Russland hat Großbritannien im Fall des vergifteten Ex-Doppelagenten Sergej Skripal mit Gegenmaßnahmen gedroht, sollte London Sanktionen gegen Moskau verhängen. "Jegliche Drohungen, Russland mit Strafmaßnahmen zu belegen, werden nicht unbeantwortet bleiben", teilte das russische Außenministerium mit. Darauf müsse sich Großbritannien gefasst machen. Die Beziehungen zwischen den beiden Nationen sind derzeit sehr angespannt.

London verdächtigt Moskau, in den Giftanschlag auf Skripal verwickelt zu sein und hat Russland ein Ultimatum gestellt, sich innerhalb von 24 Stunden in dem Fall zu erklären. Andernfalls drohten Konsequenzen. Das Ultimatum läuft am Mittwochmorgen um 1 Uhr MEZ aus. Moskau weist die Anschuldigungen konsequent zurück.

Am 4. März waren der 66 Jahre alte russische Ex-Spion Skripal und seine 33 Jahre alte Tochter Julia in Salisbury südwestlich von London bewusstlos auf einer Parkbank aufgefunden worden. Sie wurden offenbar Opfer eines Attentats mit dem Nervengift Nowitschok und befinden sich weiterhin in einem kritischen Zustand.

Der langjährige Geheimdienstoffizier Skripal war 2006 in Russland wegen Spionage für Großbritannien zu 13 Jahren Haft verurteilt worden. Im Zuge eines Gefangenenaustauschs kam er 2010 nach Großbritannien.

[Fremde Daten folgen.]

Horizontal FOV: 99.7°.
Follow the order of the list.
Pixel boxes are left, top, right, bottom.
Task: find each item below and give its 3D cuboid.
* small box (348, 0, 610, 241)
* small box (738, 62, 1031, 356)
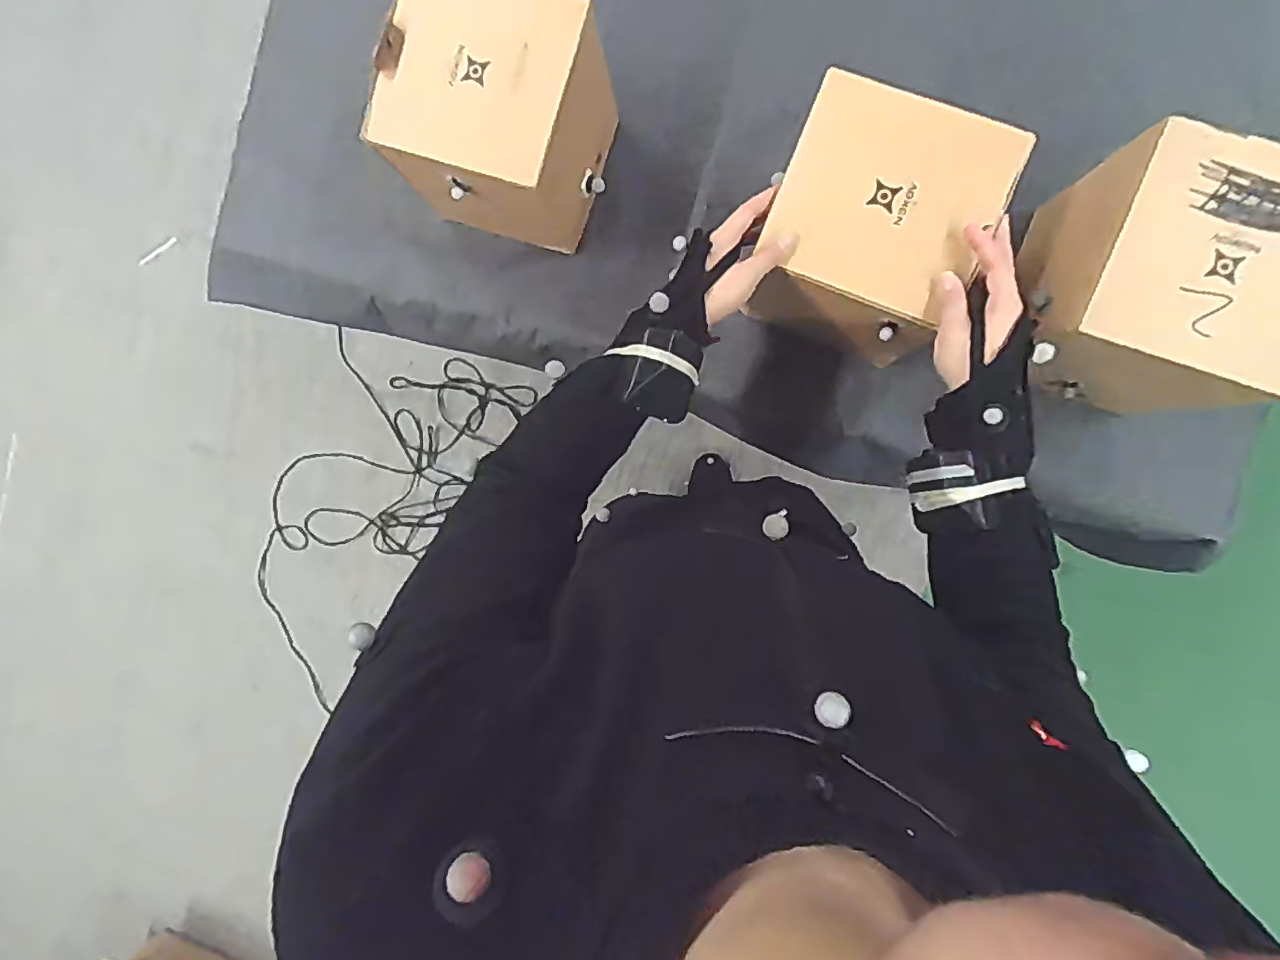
[{"bbox_3d":[-0.144,-0.366,0.542,0.179,0.176,0.168,18,95,4],"label":"small box"},{"bbox_3d":[0.205,-0.233,0.514,0.179,0.176,0.168,23,94,4],"label":"small box"}]

Viel Unterstützung für Großbritannien

London erhält in dem Konflikt unterdessen viel internationale Unterstützung. Laut Bundeskanzlerin Angela Merkel (CDU) sei es an Russland, "rasche Antworten auf die berechtigten Fragen der britischen Regierung zu geben". Das sagte Merkel nach Angaben eines Sprechers in einem Telefonat mit der britischen Premierministerin Theresa May. Die Kanzlerin verurteilte den Anschlag demnach "auf das Schärfste". Diese Worte wählte auch Sigmar Gabriel (SPD).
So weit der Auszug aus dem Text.